Jones must have his turn. Jones claims that MacArthur and brave men like him are precisely the problem. They are neither civilized nor fit to live, for they are the cause of war, the destroyers of civilization.

But a civilized country is one in which individuals and institutions are good and worthy of support and protection. A civilized country is one for which free men and women live according to law and not license, pursue knowledge in the sciences and humanities, practice or enjoy the arts and worship or not in accordance with their beliefs. When these precious institutions and individuals are threatened by an enemy who can destroy them, all civilized citizens, according to Jones, are committed — not to defend their country — but to collaborate passively in the destruction of their country and themselves.

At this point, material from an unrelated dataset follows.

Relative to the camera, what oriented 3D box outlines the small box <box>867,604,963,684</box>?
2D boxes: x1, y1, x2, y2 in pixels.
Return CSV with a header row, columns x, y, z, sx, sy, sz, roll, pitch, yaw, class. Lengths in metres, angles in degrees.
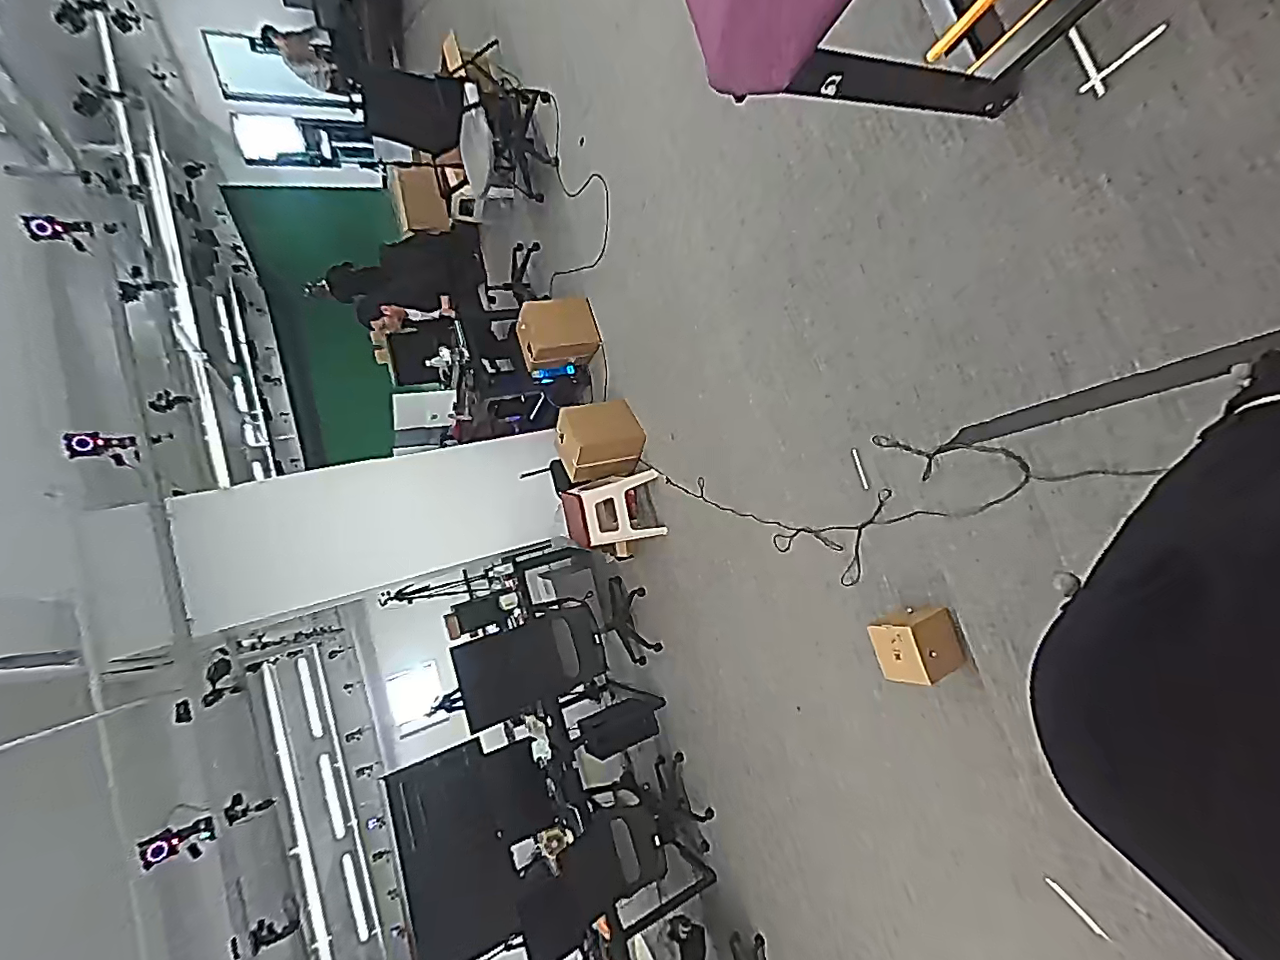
x,y,z,sx,sy,sz,roll,pitch,yaw,class
0.834,0.490,1.636,0.168,0.176,0.179,-28,78,63,small box

But how can a country be civilized if it is committed to permitting the destruction of its civilization whenever it is attacked? Why would we want to live in a civilized country if there is nothing in or about that country worth protecting and, if necessary, worth dying for? Would there be any reason for calling such a country civilized? If our country and its people are worthy and worth dying for, then brave men and women will always be needed.

My evening with James Jones reminded me of Stevenson’s observation that “man is a creature who lives not upon bread alone but principally by catch-words.” Jones delivered himself of a catchy phrase, which appeared to have some initial plausibility. On examination, however, it proved to be nonsensical.

Your professors have led you in one class after another to reflect on what you read, to take arguments apart, to discriminate between what is true and what is only titillating. I am sure they have tried in every way they can to teach you to resist the blandishments of Circe, the obsession with amusement that trashes our sensibilities in pursuit of pleasure and excitement without regard to the quality or decency of either, a presence that turns human beings to swine almost as easily as Circe transformed the companions of Odysseus.

I trust you have been taught by faculty dedicated to the sound principles outlined by George Steiner: “To quote accurately is to give thanks. To refuse the cant of ‘political correctness’ is to try and keep the language in its fixed and vital kinship with the truth. To learn by heart is to buttress one’s very minor self against barbarism; it is to give the masters an inward welcome and lodging.”

GW and its president have also avoided the pitfalls Steiner has cautioned us against: “Those who would negotiate their moral and intellectual passions are probably lost. Those who forget that ‘fashion is the mother of death’ (Leopardi) are caught in self-betrayal. Those who apologize where they should proclaim have cheapened their vocation.” That is not the way of GW, and you are fortunate to have prevailed in the University, mastered difficult material and had the guidance of worthy mentors.

We cannot predict what lies ahead, but your education at GW has prepared you for whatever moira you face. Although you are members of a generation reared in luxury, which Juvenal cautioned “is more ruthless than war,” by coming to GW, you have imposed on yourself the contrived adversity of this demanding University, whose physical, intellectual, and spiritual discipline has freed you from the demoralizing consequences of luxury and left you strong, clear of mind, and prepared to face the challenges and obligations that lie ahead with courage and joy that accompanies those who live without fear.

I am confident, from what I know of your president, some of your colleagues, and your curriculum that you graduate ready for the tests that lie before you, and aware that the severity of those tests will offer you opportunities for greatness in overcoming them.

Robert Louis Stevenson, because of his frail health, was acutely aware of our mortality. “Old and young,” he wrote, “we are all on our last cruise.” Since none of us know how long it will last, we are reminded of the wisdom of Socrates and so many others who observed that it is not the length but the quality of one’s life that is important. Moira may well dictate the duration of your life but each of you has the freedom within those fated limits to choose wisely and well and to live nobly. GW has prepared you to do just that. And we of an older generation invest our hopes for a better world in you.